The pigeon came with a Pancetta, namely salt bacon which has been spiced with nutmeg, garlic and fennel. As to the accompanying sweetbreads, let me lay the ghost of the ill-founded rumour that this product is bull's balls. It is not, it comes from the other end – the thymus gland. They have been eaten since medieval times and it was correct to have them on this historic menu.
Nearly there, our last hot dish was ‘Venison in a chocolate sauce.' Using chocolate as a sauce has been a Spanish treat for centuries. It was not a thick sauce, rather a thin translucent creation, which if you did not know in advance that it was chocolate based, you would never have guessed!
Dessert was a ‘Grand Marnier and chocolate semifreddo,' a semifreddo being a chilled, iced but not frozen dish in cake form.
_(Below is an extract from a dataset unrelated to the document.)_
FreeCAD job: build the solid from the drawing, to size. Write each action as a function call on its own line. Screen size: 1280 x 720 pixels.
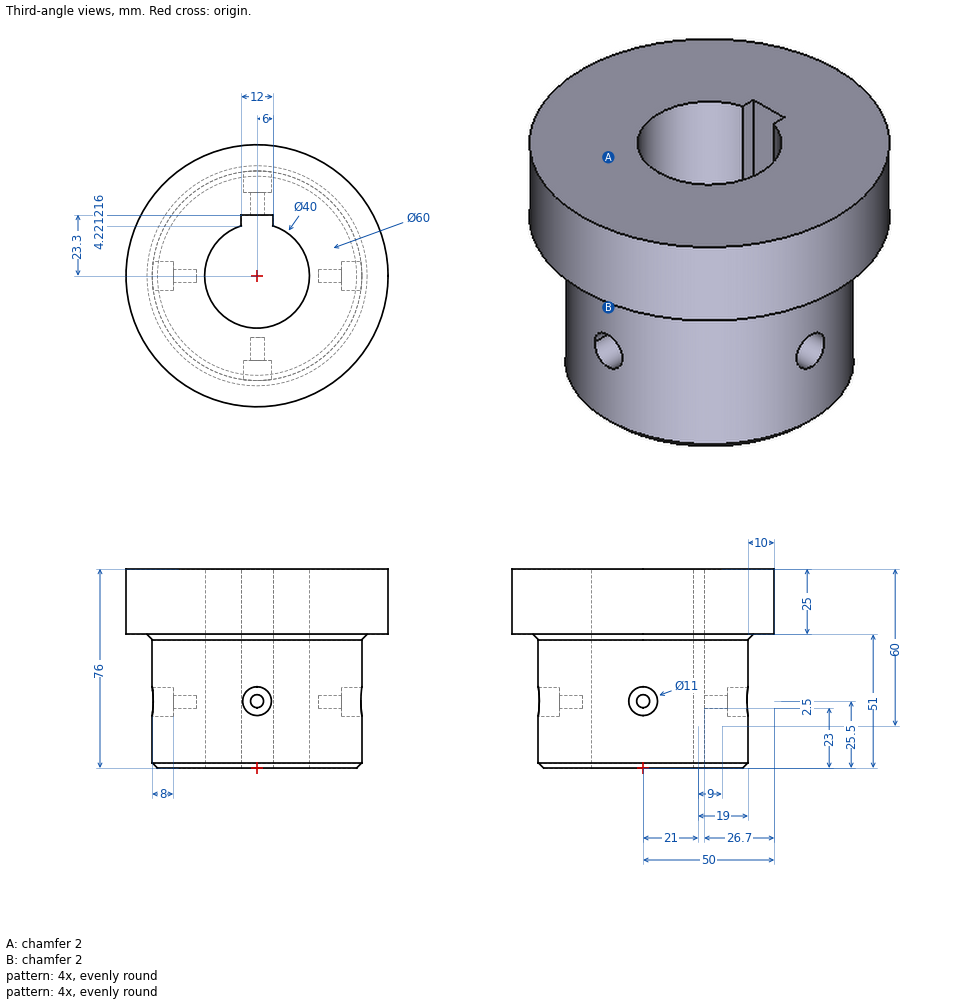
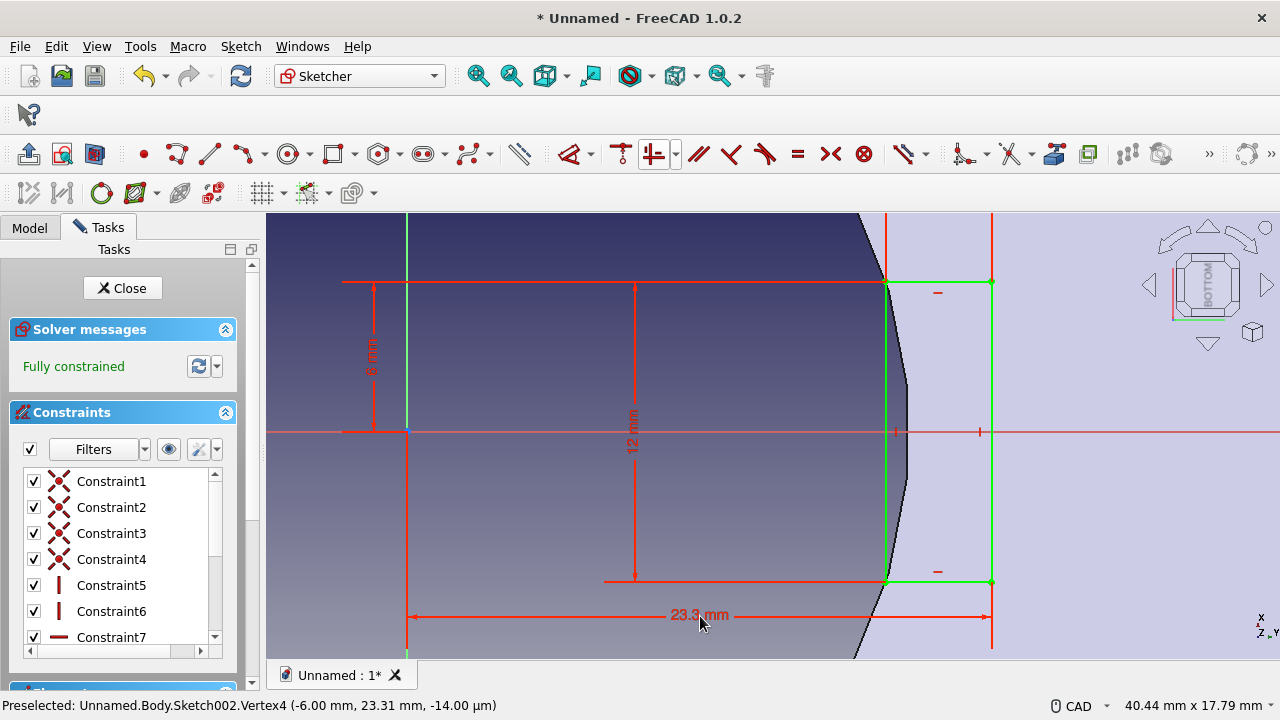
click(123, 288)

Each of the five courses was accompanied by different wines of high quality. Considering that you could consume copious amounts of wine and taking into consideration the quality of the food, I did not consider the price of 400 RON to be excessive. On the contrary, it represented extremely good value for money especially in view of numerous charity dinners which abound where you would pay twice that amount for less adventurous food.
The Chaine is a noble cause which can only benefit Romania as they intend to raise culinary standards here by training a new genre of chefs through international competitions. They pride themselves on being an aristocracy of culture and culinary excellence. Why not give them your support by either joining the club, or by attending their next dinner.